**Task objective:** Please reproduce the lines from the one containing "Format example (made" through the end of the data below exactly as they stand, and omit all pictures.

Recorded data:
______________________________

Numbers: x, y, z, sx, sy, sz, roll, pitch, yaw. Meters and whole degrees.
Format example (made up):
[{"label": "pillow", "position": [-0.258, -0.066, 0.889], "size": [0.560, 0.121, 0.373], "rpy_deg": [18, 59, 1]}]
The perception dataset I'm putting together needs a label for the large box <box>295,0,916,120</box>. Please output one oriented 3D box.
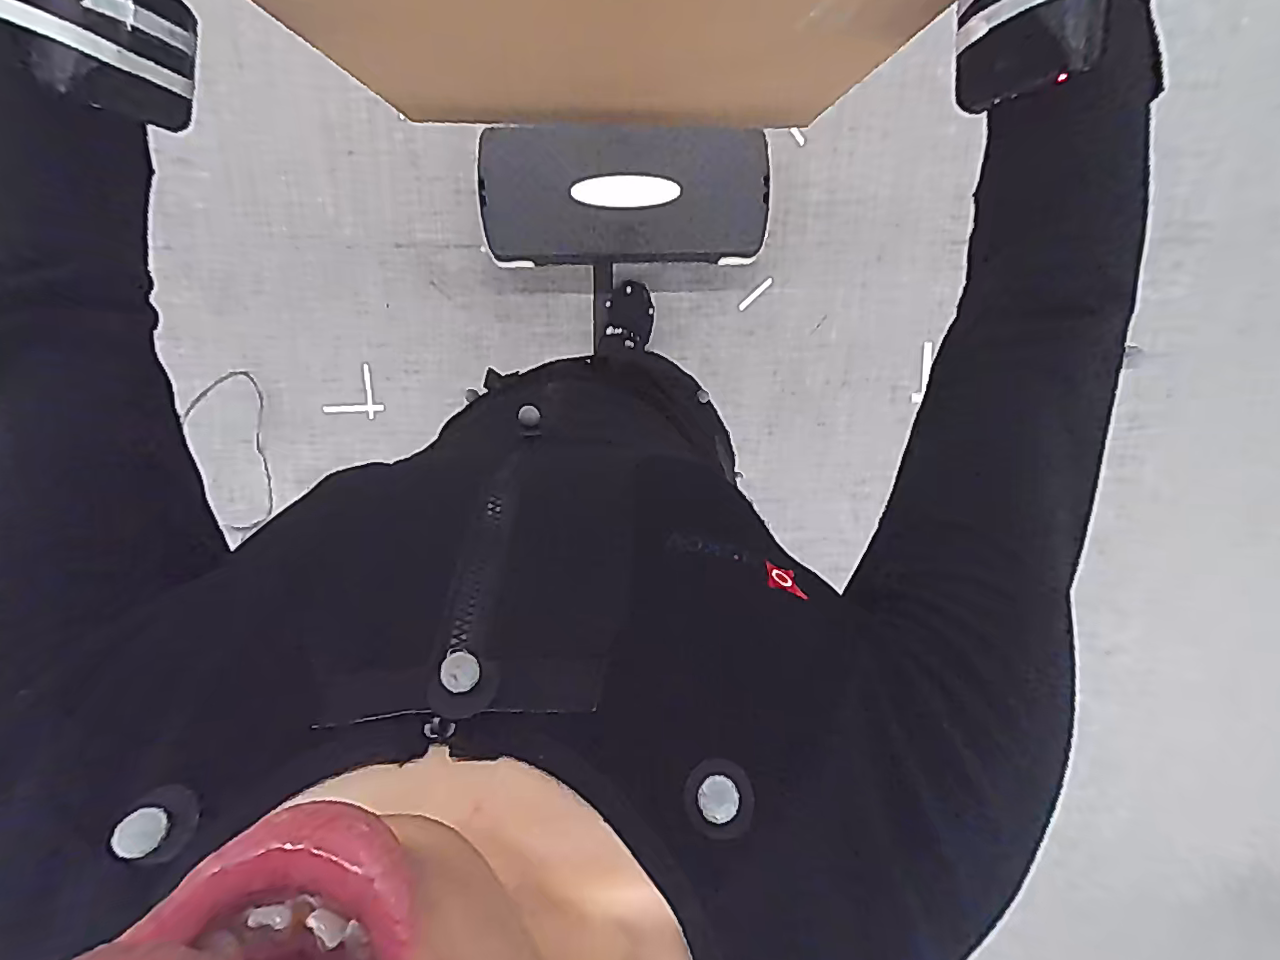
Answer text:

______________________________

**Answer section:**
Format example (made up):
[{"label": "pillow", "position": [-0.258, -0.066, 0.889], "size": [0.560, 0.121, 0.373], "rpy_deg": [18, 59, 1]}]
The perception dataset I'm putting together needs a label for the large box <box>295,0,916,120</box>. Please output one oriented 3D box.
Answer text:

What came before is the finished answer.